Dataset extract:
▼▼▼
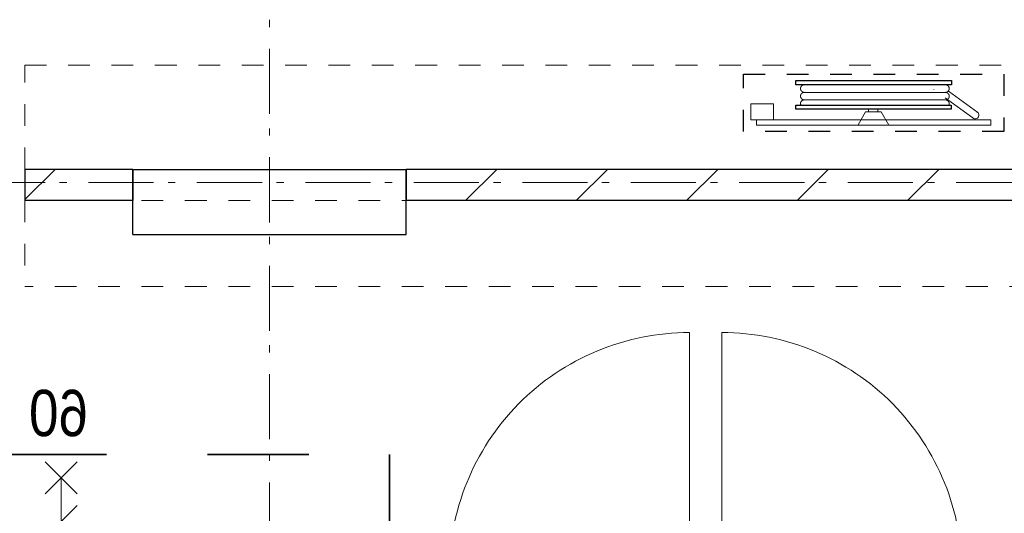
# Model space of a CAD drawing. Header units: millimetres. Extents: x 293454 to 524618, y 211738 to 307297.
# Tile 86 of 152: x 502313 to 506095, y 226462 to 228358. Entities that reach past the tile are written whole.
import ezdxf

# ---------------------------------------------------------------- set-up
doc = ezdxf.new("R2010")
doc.units = ezdxf.units.MM
doc.header["$LTSCALE"] = 400
doc.header["$PDMODE"] = 3
doc.header["$PDSIZE"] = 15
for name, pattern in [('STYLE_01', [0.416641, 0.208282, -0.208359]), ('STYLE_02', [0.694427, 0.486069, -0.208359]), ('STYLE_06', [1.041641, 0.625, -0.208282, 0.069427, -0.138931]), ('STYLE_22', [1.944444, 0.972222, -0.972222])]:
    doc.linetypes.add(name, pattern=pattern)
for name, color, linetype, lineweight in [('BA-Brandveiligheid', 7, 'Continuous', 15), ('Binnenkozijnen', 140, 'Continuous', 15), ('Fragmentaanduiding', 1, 'STYLE_22', 35), ('mat-afdichting', 9, 'Continuous', 5), ('mat-aluminium', 140, 'Continuous', 15), ('mat-beton (ihwg)', 5, 'Continuous', 25), ('mat-kalkzandsteen', 5, 'Continuous', 25), ('mat-multiplex-hor', 140, 'Continuous', 15), ('mat-spuitwerk_marmo', 43, 'STYLE_02', 20), ('mat-staal', 5, 'Continuous', 25), ('None', 7, 'Continuous', 9)]:
    doc.layers.add(name, color=color, linetype=linetype, lineweight=lineweight)
doc.styles.add('Arial Narrow', font='ARIALN.TTF', dxfattribs={"height": 222.25})

# ---------------------------------------------------------------- blocks, each defined once
blk = doc.blocks.new('*U353')
at = {"layer": 'None', "color": 43, "linetype": 'Continuous', "lineweight": 9}
for p, q in [((43161.1, -28854), (43171.1, -28820.2)), ((43161.1, -28820.2), (43171.1, -28854))]:
    blk.add_line(p, q, dxfattribs=at)
blk.add_lwpolyline([(43161.1, -28820.2), (43171.1, -28820.2), (43171.1, -28854), (43161.1, -28854)], close=True, dxfattribs=at)
blk = doc.blocks.new('*X354')
at = {"layer": 'None', "lineweight": 25}
blk.add_line((43171.1, -28812.4), (43172, -28811.5), dxfattribs=at)
blk = doc.blocks.new('*U355')
at = {"layer": 'None', "color": 43, "linetype": 'Continuous', "lineweight": 9}
for p, q in [((44125.1, -28854), (44115.1, -28819.2)), ((44125.1, -28819.2), (44115.1, -28854))]:
    blk.add_line(p, q, dxfattribs=at)
blk.add_lwpolyline([(44115.1, -28819.2), (44125.1, -28819.2), (44125.1, -28854), (44115.1, -28854)], close=True, dxfattribs=at)
blk = doc.blocks.new('*X356')
at = {"layer": 'None', "lineweight": 9}
blk.add_line((44112.3, -28861.1), (44114.6, -28858.8), dxfattribs=at)
blk = doc.blocks.new('*U357')
at = {"layer": 'mat-afdichting', "lineweight": 5}
for points in [[(43196.1, -28857.6), (43184.1, -28857.6), (43184.1, -28855.4), (43196.1, -28855.4)], [(44090.1, -28857.6), (44102.1, -28857.6), (44102.1, -28855.4), (44090.1, -28855.4)]]:
    blk.add_lwpolyline(points, close=True, dxfattribs=at)
at = {"layer": 'mat-aluminium', "lineweight": 15}
blk.add_lwpolyline([(44111.1, -28841.1), (44115.1, -28841.1), (44115.1, -28826.1), (44111.1, -28826.1)], close=True, dxfattribs=at)
at = {"layer": 'mat-multiplex-hor', "lineweight": 15, "flags": 128}
for points in [[(44099.1, -28840.1), (44105.1, -28840.1), (44106, -28821.6), (43180.2, -28821.6), (43181.3, -28840.1), (43188.9, -28840.1)], [(43188.9, -28843.1), (43181.5, -28843.1), (43182.3, -28855.4), (43210.3, -28855.4), (43210.3, -28861.6), (44082.1, -28861.6), (44082.1, -28855.4), (44104.4, -28855.4), (44105, -28843.1), (44099.1, -28843.1)]]:
    blk.add_lwpolyline(points, dxfattribs=at)
at = {"layer": 'mat-spuitwerk_marmo', "lineweight": 20}
blk.add_circle((43183.1, -28809.3), 4, dxfattribs=at)
at = {"layer": 'mat-staal', "lineweight": 5, "flags": 128}
for points in [[(43176.1, -28861.6, -0.414214), (43171.1, -28856.6), (43171.1, -28813.2), (43171.1, -28811.5), (43175.1, -28811.5), (43175.1, -28813.2), (43175.1, -28856.6), (43175.1, -28856.6, 0.414214), (43176.1, -28857.6), (43201.1, -28857.6), (43201.1, -28861.6)], [(44110.1, -28861.6, 0.414214), (44115.1, -28856.6), (44115.1, -28813.2), (44115.1, -28811.5), (44111.1, -28811.5), (44111.1, -28813.2), (44111.1, -28856.6), (44111.1, -28856.6, -0.414214), (44110.1, -28857.6), (44085.1, -28857.6), (44085.1, -28861.6)]]:
    blk.add_lwpolyline(points, format="xyb", close=True, dxfattribs=at)
at = {"layer": 'None', "color": 43, "linetype": 'Continuous', "lineweight": 9}
blk.add_line((43183.1, -28809.3), (43183.1, -27886.7), dxfattribs=at)
for points in [[(43177.6, -28855.3), (43175.2, -28855.3), (43175.2, -28808.2), (43177.6, -28808.2)], [(43188.2, -28811.8), (43190, -28813.4), (43182.7, -28821.8), (43184.4, -28854.8), (43181.9, -28854.9), (43180.2, -28821)]]:
    blk.add_lwpolyline(points, close=True, dxfattribs=at)
at = {"layer": 'None', "color": 92, "linetype": 'Continuous', "lineweight": 25, "flags": 128}
for points in [[(43186.3, -28840.4), (43181.3, -28840.4), (43181.3, -28842.4)], [(43181.3, -28842.4), (43186.3, -28842.4)], [(44105.1, -28840.4), (44100.1, -28840.4), (44100.1, -28842.4)], [(44100.1, -28842.4), (44105.1, -28842.4)]]:
    blk.add_lwpolyline(points, dxfattribs=at)
at = {"layer": 'None', "color": 140, "linetype": 'Continuous', "lineweight": 15}
blk.add_circle((43183.1, -28809.3), 8, dxfattribs=at)
at = {"layer": 'None', "color": 43, "linetype": 'Continuous', "lineweight": 9}
blk.add_arc((43183.1, -28809.3), 922.6, 359.2903, 90, dxfattribs=at)
at = {"layer": 'None', "color": 8, "linetype": 'Continuous', "lineweight": 5}
for p in [(43172.1, -28810), (44114.2, -28810), (43161.1, -28827.6), (44125.1, -28827.6), (44125.1, -28857.6)]:
    blk.add_point(p, dxfattribs=at)
at = {"layer": 'mat-staal'}
for name in ['*X354', '*X356']:
    blk.add_blockref(name, (0, 0), dxfattribs=at)
at = {"layer": 'None', "color": 7}
for name in ['*U353', '*U355']:
    blk.add_blockref(name, (0, 0), dxfattribs=at)
blk = doc.blocks.new('*U358')
at = {"layer": 'None', "color": 43, "linetype": 'Continuous', "lineweight": 9}
for p, q in [((43081.1, -28854), (43071.1, -28820.2)), ((43081.1, -28820.2), (43071.1, -28854))]:
    blk.add_line(p, q, dxfattribs=at)
blk.add_lwpolyline([(43071.1, -28820.2), (43081.1, -28820.2), (43081.1, -28854), (43071.1, -28854)], close=True, dxfattribs=at)
blk = doc.blocks.new('*U359')
at = {"layer": 'None', "color": 43, "linetype": 'Continuous', "lineweight": 9}
for p, q in [((42117.1, -28854), (42127.1, -28819.2)), ((42117.1, -28819.2), (42127.1, -28854))]:
    blk.add_line(p, q, dxfattribs=at)
blk.add_lwpolyline([(42117.1, -28819.2), (42127.1, -28819.2), (42127.1, -28854), (42117.1, -28854)], close=True, dxfattribs=at)
blk = doc.blocks.new('*X360')
at = {"layer": 'None', "lineweight": 9}
blk.add_line((42131.9, -28861.6), (42135.9, -28857.6), dxfattribs=at)
blk = doc.blocks.new('*U361')
at = {"layer": 'mat-afdichting', "lineweight": 5}
for points in [[(42152.1, -28857.6), (42140.1, -28857.6), (42140.1, -28855.4), (42152.1, -28855.4)], [(43046.1, -28857.6), (43058.1, -28857.6), (43058.1, -28855.4), (43046.1, -28855.4)]]:
    blk.add_lwpolyline(points, close=True, dxfattribs=at)
at = {"layer": 'mat-aluminium', "lineweight": 15}
blk.add_lwpolyline([(42131.1, -28841.1), (42127.1, -28841.1), (42127.1, -28826.1), (42131.1, -28826.1)], close=True, dxfattribs=at)
at = {"layer": 'mat-multiplex-hor', "lineweight": 15, "flags": 128}
for points in [[(42143.1, -28840.1), (42137.1, -28840.1), (42136.2, -28821.6), (43062, -28821.6), (43060.9, -28840.1), (43053.4, -28840.1)], [(43053.4, -28843.1), (43060.7, -28843.1), (43059.9, -28855.4), (43031.9, -28855.4), (43031.9, -28861.6), (42160.1, -28861.6), (42160.1, -28855.4), (42137.9, -28855.4), (42137.2, -28843.1), (42143.1, -28843.1)]]:
    blk.add_lwpolyline(points, dxfattribs=at)
at = {"layer": 'mat-spuitwerk_marmo', "lineweight": 20}
blk.add_circle((43059.1, -28809.3), 4, dxfattribs=at)
at = {"layer": 'mat-staal', "lineweight": 5, "flags": 128}
for points in [[(42132.1, -28861.6, -0.414214), (42127.1, -28856.6), (42127.1, -28813.2), (42127.1, -28811.5), (42131.1, -28811.5), (42131.1, -28813.2), (42131.1, -28856.6), (42131.1, -28856.6, 0.414214), (42132.1, -28857.6), (42157.1, -28857.6), (42157.1, -28861.6)], [(43066.1, -28861.6, 0.414214), (43071.1, -28856.6), (43071.1, -28813.2), (43071.1, -28811.5), (43067.1, -28811.5), (43067.1, -28813.2), (43067.1, -28856.6), (43067.1, -28856.6, -0.414214), (43066.1, -28857.6), (43041.1, -28857.6), (43041.1, -28861.6)]]:
    blk.add_lwpolyline(points, format="xyb", close=True, dxfattribs=at)
at = {"layer": 'None', "color": 43, "linetype": 'Continuous', "lineweight": 9}
blk.add_line((43059.1, -28809.3), (43059.1, -27886.7), dxfattribs=at)
for points in [[(43054.1, -28811.8), (43052.2, -28813.4), (43059.6, -28821.8), (43057.9, -28854.8), (43060.3, -28854.9), (43062, -28821)], [(43064.6, -28855.3), (43067, -28855.3), (43067, -28808.2), (43064.6, -28808.2)]]:
    blk.add_lwpolyline(points, close=True, dxfattribs=at)
at = {"layer": 'None', "color": 92, "linetype": 'Continuous', "lineweight": 25, "flags": 128}
for points in [[(42137.2, -28840.4), (42142.2, -28840.4), (42142.2, -28842.4)], [(42142.2, -28842.4), (42137.2, -28842.4)], [(43056, -28840.4), (43061, -28840.4), (43061, -28842.4)], [(43061, -28842.4), (43056, -28842.4)]]:
    blk.add_lwpolyline(points, dxfattribs=at)
at = {"layer": 'None', "color": 140, "linetype": 'Continuous', "lineweight": 15}
blk.add_circle((43059.1, -28809.3), 8, dxfattribs=at)
at = {"layer": 'None', "color": 43, "linetype": 'Continuous', "lineweight": 9}
blk.add_arc((43059.1, -28809.3), 922.6, 90, 180.7097, dxfattribs=at)
at = {"layer": 'None', "color": 8, "linetype": 'Continuous', "lineweight": 5}
for p in [(42128.1, -28810), (43070.1, -28810), (42117.1, -28827.6), (43081.1, -28827.6), (42117.1, -28857.6)]:
    blk.add_point(p, dxfattribs=at)
at = {"layer": 'mat-staal'}
blk.add_blockref('*X360', (0, 0), dxfattribs=at)
at = {"layer": 'None', "color": 7}
for name in ['*U359', '*U358']:
    blk.add_blockref(name, (0, 0), dxfattribs=at)
blk = doc.blocks.new('*U364')
at = {"layer": 'None', "color": 7}
for name in ['*U361', '*U357']:
    blk.add_blockref(name, (0, 0), dxfattribs=at)
blk = doc.blocks.new('*U374')
at = {"layer": 'None', "color": 7}
blk.add_blockref('*U364', (0, 0), dxfattribs=at)
blk = doc.blocks.new('060min zelfsluitend Y')
at = {"layer": 'BA-Brandveiligheid', "color": 7, "linetype": 'Continuous', "lineweight": 15}
for p, q in [((-61.7, 476.8), (61.7, 353.3)), ((61.7, 476.8), (-61.7, 353.3)), ((-61.7, -483.6), (61.7, -360.2)), ((61.7, -483.6), (-61.7, -360.2))]:
    blk.add_line(p, q, dxfattribs=at)
at = {"layer": 'None', "color": 7, "linetype": 'Continuous', "lineweight": 15}
for p, q in [((0, -421.9), (0, 415)), ((61.7, 185.2), (-61.7, 308.7)), ((61.7, 185.2), (-61.7, 61.7)), ((61.7, -61.7), (-61.7, 61.7)), ((61.7, -61.7), (-61.7, -185.2)), ((61.7, -308.7), (-61.7, -185.2))]:
    blk.add_line(p, q, dxfattribs=at)
at = {"layer": 'BA-Brandveiligheid', "color": 43, "insert": (-102.6, 752.9), "char_height": 177.8, "attachment_point": 1, "style": 'Arial Narrow'}
blk.add_mtext('60', dxfattribs=at)
blk = doc.blocks.new('*X1095')
at = {"layer": 'None', "lineweight": 9}
for p, q in [((42199.3, -27380), (42319.3, -27260)), ((42623.6, -27380), (42743.6, -27260)), ((43047.8, -27380), (43167.8, -27260)), ((43472.1, -27380), (43592.1, -27260)), ((43896.4, -27380), (44016.4, -27260)), ((44320.6, -27380), (44440.6, -27260)), ((44744.9, -27380), (44864.9, -27260))]:
    blk.add_line(p, q, dxfattribs=at)
blk = doc.blocks.new('*U181')
at = {"layer": 'None', "color": 253, "linetype": 'Continuous', "lineweight": 5}
for p, q in [((96.625, -278), (96.625, 266)), ((125.704, -278), (125.704, 266)), ((50.42, -31.849), (50.42, 29))]:
    blk.add_line(p, q, dxfattribs=at)
at = {"layer": 'None', "color": 140, "linetype": 'Continuous', "lineweight": 15}
for p, q in [((50.42, 29), (1.453, 57.31)), ((0, -61), (50.42, -31.849))]:
    blk.add_line(p, q, dxfattribs=at)
at = {"layer": 'None', "color": 92, "linetype": 'Continuous', "lineweight": 25}
for points in [[(60.916, 296), (76.476, 296), (76.476, -300), (60.916, -300)], [(154.785, 296), (171.344, 296), (171.344, -302), (154.785, -302)]]:
    blk.add_lwpolyline(points, close=True, dxfattribs=at)
at = {"layer": 'None', "color": 253, "linetype": 'Continuous', "lineweight": 5}
blk.add_lwpolyline([(50.929, 18), (60.916, 18), (60.916, -18), (50.929, -18)], close=True, dxfattribs=at)
for points, knots in [([(96.866, 264), (96.866, 268.997), (93.792, 272.9335), (90.718, 276.87), (85.875, 278.0735), (81.032, 279.277), (76.476, 277.238)], [0, 0, 0, 0.333549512, 0.333549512, 0.666828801, 0.666828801, 1, 1, 1]), ([(125.825, 264), (125.825, 267.886), (123.8855, 271.2505), (121.946, 274.615), (118.586, 276.5575), (115.226, 278.5), (107.466, 278.5), (104.106, 276.5575), (100.746, 274.615), (98.806, 271.2505), (96.866, 267.886), (96.866, 264)], [0, 0, 0, 0.166769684, 0.166769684, 0.333423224, 0.333423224, 0.499994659, 0.666566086, 0.666566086, 0.833226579, 0.833226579, 1, 1, 1]), ([(154.785, 264), (154.785, 267.886), (152.845, 271.2505), (150.905, 274.615), (147.5455, 276.5575), (144.186, 278.5), (140.306, 278.5), (136.426, 278.5), (133.066, 276.5575), (129.706, 274.615), (127.7655, 271.2505), (125.825, 267.886), (125.825, 264)], [0, 0, 0, 0.166772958, 0.166772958, 0.333424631, 0.333424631, 0.499985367, 0.499985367, 0.666556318, 0.666556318, 0.833223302, 0.833223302, 1, 1, 1]), ([(76.477, -291.432), (81.039, -293.343), (85.8175, -292.072), (90.596, -290.801), (93.6105, -286.876), (96.625, -282.951), (96.625, -278)], [0, 0, 0, 0.333165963, 0.333165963, 0.666458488, 0.666458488, 1, 1, 1]), ([(96.625, -278), (96.625, -281.901), (98.573, -285.2795), (100.521, -288.658), (103.895, -290.609), (107.269, -292.56), (111.165, -292.56), (115.061, -292.56), (118.435, -290.609), (121.809, -288.658), (123.7565, -285.2795), (125.704, -281.901), (125.704, -278)], [0, 0, 0, 0.166754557, 0.166754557, 0.333426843, 0.333426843, 0.500005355, 0.500005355, 0.666583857, 0.666583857, 0.833249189, 0.833249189, 1, 1, 1]), ([(125.704, -278), (125.704, -281.901), (127.6525, -285.2795), (129.601, -288.658), (132.975, -290.609), (136.349, -292.56), (140.245, -292.56), (144.141, -292.56), (147.5145, -290.609), (150.888, -288.658), (152.836, -285.2795), (154.784, -281.901), (154.784, -278)], [0, 0, 0, 0.166757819, 0.166757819, 0.333436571, 0.333436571, 0.500014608, 0.500014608, 0.666582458, 0.666582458, 0.833245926, 0.833245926, 1, 1, 1])]:
    blk.add_open_spline(points, degree=2, knots=knots, dxfattribs=at)
blk = doc.blocks.new('BSH OB')
at = {"layer": 'None', "color": 253, "linetype": 'Continuous', "lineweight": 5}
for p, q in [((135.277, -233.0824), (136.142, -233.8294)), ((27.7468, -383.0008), (105.0969, -276.5164)), ((130.6676, -289.4337), (48.7568, -402.0618))]:
    blk.add_line(p, q, dxfattribs=at)
at = {"layer": 'None', "color": 92, "linetype": 'STYLE_01', "lineweight": 25}
blk.add_lwpolyline([(-24.328, 498), (195.672, 498), (195.672, -502), (-24.328, -502)], close=True, dxfattribs=at)
at = {"layer": 'None', "color": 140, "linetype": 'Continuous', "lineweight": 15}
for points in [[(20, 469.75), (82, 469.75), (82, 382.75), (20, 382.75)], [(0, 448), (20, 448), (20, -452), (0, -452)]]:
    blk.add_lwpolyline(points, close=True, dxfattribs=at)
at = {"layer": 'None', "color": 9, "linetype": 'Continuous', "lineweight": 5}
blk.add_arc((38.2528, -392.5302), 14.184, 137.7906009, 325.7709231, dxfattribs=at)
at = {"layer": 'None', "color": 7}
blk.add_blockref('*U181', (0, 0), dxfattribs=at)
blk = doc.blocks.new('*X1409')
at = {"layer": 'None', "lineweight": 9}
blk.add_line((40506.1, -27376.2), (40622.3, -27260), dxfattribs=at)

msp = doc.modelspace()

# ---------------------------------------------------------------- linework, layer by layer
at = {"layer": 'Binnenkozijnen', "color": 140, "linetype": 'STYLE_01', "lineweight": 15}
for p, q in [((502332.84062, 228183.5115), (506697.84062, 228183.5115)), ((502332.84062, 227783.5115), (502332.84062, 228183.5115)), ((502332.84062, 227783.5115), (506697.84062, 227783.5115)), ((502332.84062, 227663.5115), (502332.84062, 227333.5115)), ((506697.84062, 227663.5115), (502332.84062, 227663.5115)), ((506697.84062, 227333.5115), (502332.84062, 227333.5115))]:
    msp.add_line(p, q, dxfattribs=at)
at = {"layer": 'Fragmentaanduiding', "lineweight": 35}
msp.add_lwpolyline([(499923.84062, 226688.34464), (503733.84062, 226688.34464), (503733.84062, 219468.34464), (499923.84062, 219468.34464)], close=True, dxfattribs=at)
at = {"layer": 'mat-beton (ihwg)', "lineweight": 25}
for p, q in [((502747.84062, 227783.5115), (503797.84062, 227783.5115)), ((502747.84062, 227533.5115), (502747.84062, 227783.5115)), ((503797.84062, 227533.5115), (503797.84062, 227783.5115)), ((502747.84062, 227533.5115), (503797.84062, 227533.5115))]:
    msp.add_line(p, q, dxfattribs=at)
at = {"layer": 'mat-kalkzandsteen', "lineweight": 25}
for p, q in [((502332.84062, 227783.5115), (502332.84062, 227663.5115)), ((502747.84062, 227783.5115), (502332.84062, 227783.5115)), ((502747.84062, 227783.5115), (502747.84062, 227663.5115)), ((503797.84062, 227783.5115), (503797.84062, 227663.5115)), ((506697.84062, 227783.5115), (503797.84062, 227783.5115)), ((502747.84062, 227663.5115), (502332.84062, 227663.5115)), ((506697.84062, 227663.5115), (503797.84062, 227663.5115))]:
    msp.add_line(p, q, dxfattribs=at)
at = {"layer": 'None', "color": 43, "linetype": 'STYLE_06', "lineweight": 9}
for p, q in [((503272.84062, 218413.5115), (503272.84062, 250659.14536)), ((524076.78125, 227733.5115), (490356.88062, 227733.5115))]:
    msp.add_line(p, q, dxfattribs=at)

# ---------------------------------------------------------------- block references
at = {"layer": 'mat-kalkzandsteen'}
for name in ['*X1409', '*X1095']:
    msp.add_blockref(name, (461826.78125, 255043.5115), dxfattribs=at)
at = {"layer": 'None', "color": 7, "rotation": 90}
msp.add_blockref('BSH OB', (505590.84062, 227953.5115), dxfattribs=at)
at = {"layer": 'None', "color": 7}
msp.add_blockref('*U374', (461826.78125, 255043.5115), dxfattribs=at)
at = {"layer": 'None', "color": 7, "xscale": -1}
msp.add_blockref('060min zelfsluitend Y', (502472.84062, 226183.5115), dxfattribs=at)

doc.saveas('drawing.dxf')
▲▲▲
About this task:
Would you please copy, word for word, everything above from the line containing "(44111.1, -28826.1)], close=True, dxfattribs=at)" down to the line containing "blk.add_circle((43183.1, -28809.3), 4, dxfattribs=at)", those two lines included?

Answer section:
blk.add_lwpolyline([(44111.1, -28841.1), (44115.1, -28841.1), (44115.1, -28826.1), (44111.1, -28826.1)], close=True, dxfattribs=at)
at = {"layer": 'mat-multiplex-hor', "lineweight": 15, "flags": 128}
for points in [[(44099.1, -28840.1), (44105.1, -28840.1), (44106, -28821.6), (43180.2, -28821.6), (43181.3, -28840.1), (43188.9, -28840.1)], [(43188.9, -28843.1), (43181.5, -28843.1), (43182.3, -28855.4), (43210.3, -28855.4), (43210.3, -28861.6), (44082.1, -28861.6), (44082.1, -28855.4), (44104.4, -28855.4), (44105, -28843.1), (44099.1, -28843.1)]]:
    blk.add_lwpolyline(points, dxfattribs=at)
at = {"layer": 'mat-spuitwerk_marmo', "lineweight": 20}
blk.add_circle((43183.1, -28809.3), 4, dxfattribs=at)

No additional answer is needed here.